The Film Association
The 1970 French film Borsalino -- directed by Jacques Deray and starring Jean-Paul Belmondo and Alain Delon -- used the hat brand as its title and centred the fedora as a visual and cultural element of its 1930s Marseille gangster setting. The film's commercial success (it was one of the highest-grossing French films of its year) reinforced the hat brand's cinematic associations and gave Borsalino the kind of film exposure that money could not buy.
The film followed a long tradition of Borsalino hats appearing in cinema -- the company had supplied hats for numerous major Italian and international film productions through the mid-20th century, and the hat's distinctive quality and silhouette made it recognisable in period productions.
Decline and Revival
The general decline of hat wearing in the 1960s and 1970s affected Borsalino as it affected all hat companies. Production volumes fell dramatically, retail locations contracted, and the company went through multiple changes of ownership through the late 20th and early 21st century, including bankruptcy proceedings in 2018.

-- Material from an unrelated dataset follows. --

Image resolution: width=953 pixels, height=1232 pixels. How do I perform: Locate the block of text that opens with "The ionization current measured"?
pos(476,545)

In 2019, the company was acquired by investment interests and has been repositioning as a luxury brand rather than a volume hat manufacturer. The shift reflects the broader market reality: there is no longer a mass market for high-quality felt hats, but there is a premium market for artisan-produced Italian fedoras among buyers who understand the brand's heritage and are willing to pay accordingly.
What a Borsalino Is
A Borsalino hat at the production standard the company is known for is:
- Made from fur felt (rabbit or hare) processed through the company's lengthy traditional sequence
- Available in a range of fedora and trilby styles as well as Panama and other categories
- Finished by hand at multiple stages including brim-edge stitching and sweatband attachment
- Marked with the company's name on the interior sweatband and the exterior ribbon
The price of a Borsalino hat reflects the production cost of artisan Italian felt hat making at the current labour cost of northern Italy. This places it significantly above mid-range hat production and substantially above fast-fashion hat pricing.

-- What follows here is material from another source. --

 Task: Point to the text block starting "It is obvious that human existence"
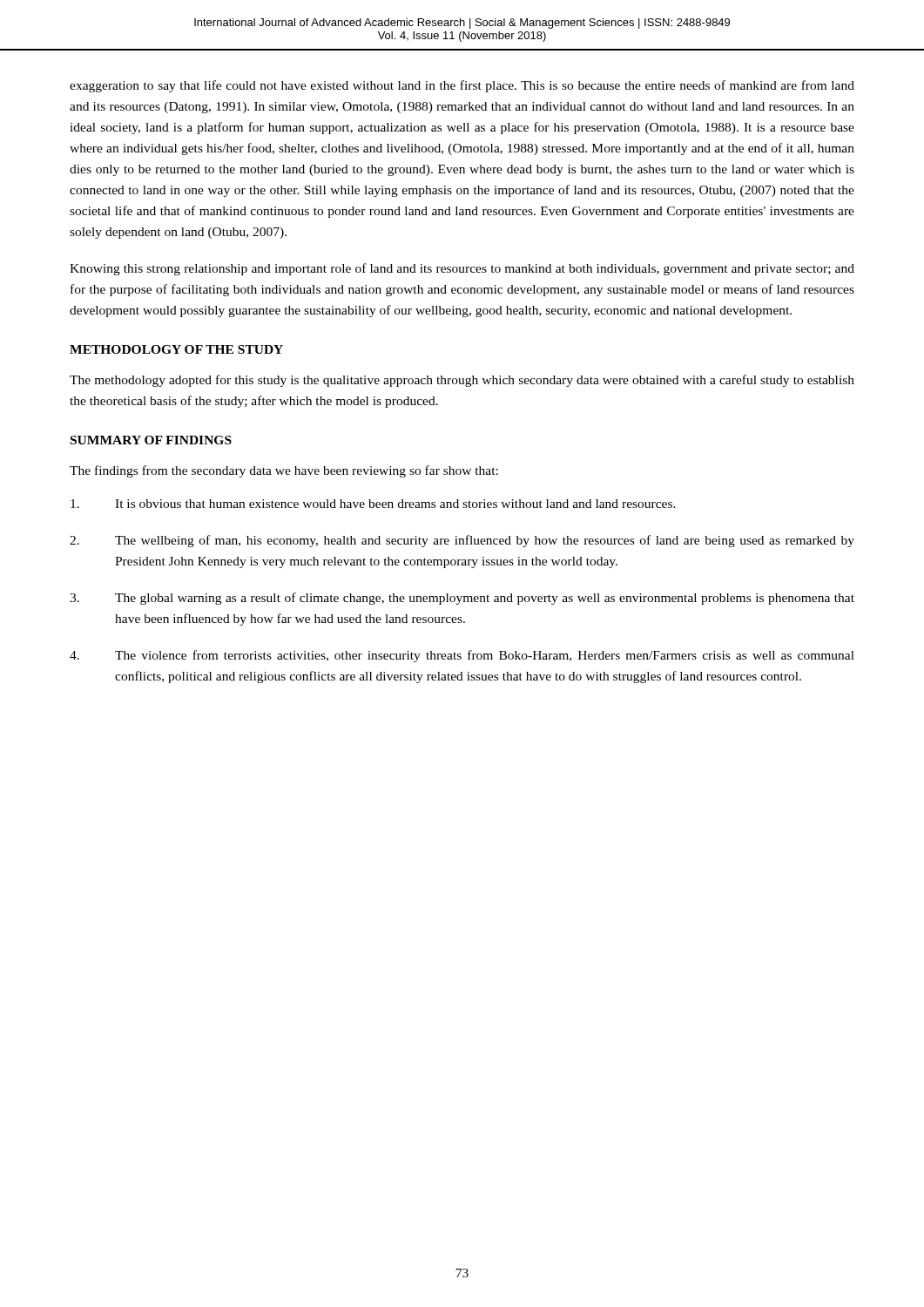[x=462, y=504]

Browse quality felt hats and European-crafted styles at Hatloom.
Frequently Asked Questions
What makes a Borsalino hat different from other felt hats?

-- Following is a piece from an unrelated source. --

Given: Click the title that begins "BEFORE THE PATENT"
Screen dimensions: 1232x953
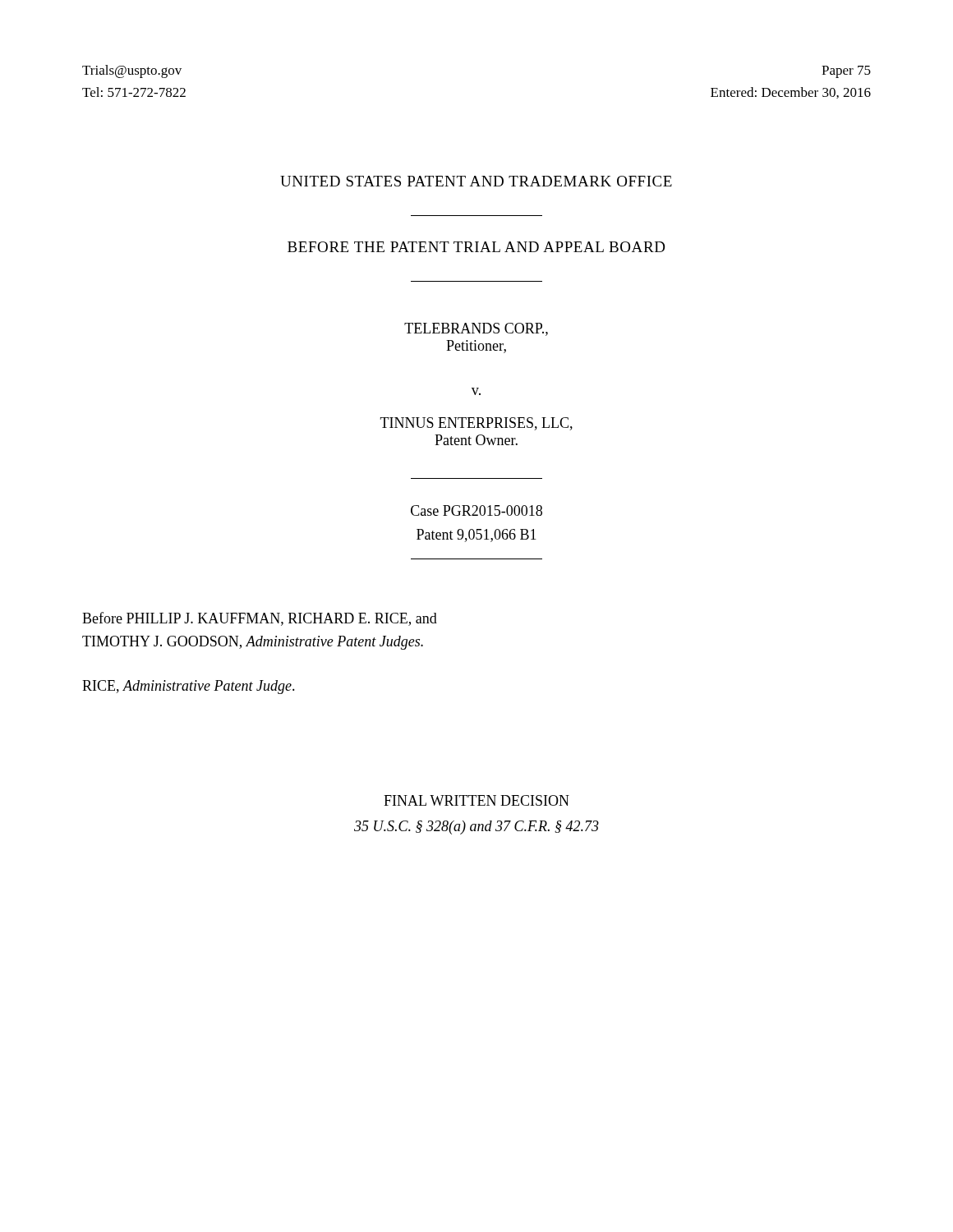Looking at the screenshot, I should tap(476, 247).

The primary differences are material quality and production time. Borsalino uses fine fur felt processed over a period of approximately six to seven weeks with more than fifty individual operations. This extended processing creates a felt with a distinctive fine texture, density, and natural water resistance that is difficult to achieve in shorter, more industrialised production. Many of the production steps involve skilled manual work -- shaping, finishing, trimming -- that cannot be replicated by automated production without losing the hat's characteristic quality. A Borsalino hat holds its shape over years of wearing in a way that cheaper felt hats do not.
How can I tell if a Borsalino hat is authentic?
Authentic Borsalino hats carry the brand name on the interior sweatband and typically on a small label or stamp. The exterior ribbon usually bears the name as well. The felt quality of an authentic Borsalino -- particularly the fine texture and the natural sheen of the fur felt surface -- is difficult to replicate and distinguishable from wool felt alternatives by feel and visual inspection. Counterfeit Borsalinos exist (the brand value is high enough to make counterfeiting economically motivated), so purchasing from authorised retailers or the company directly is the reliable approach.
Is Borsalino only a men's brand?
No. While Borsalino's historical associations are largely with men's hat wearing (the fedora tradition is predominantly masculine in its 20th century context), the company has produced women's hat styles throughout its history and continues to do so. Women's fedoras, cloches, and wide-brim styles have appeared in Borsalino collections at various points. The contemporary brand positions itself as covering quality hats for all wearers rather than exclusively as a men's company.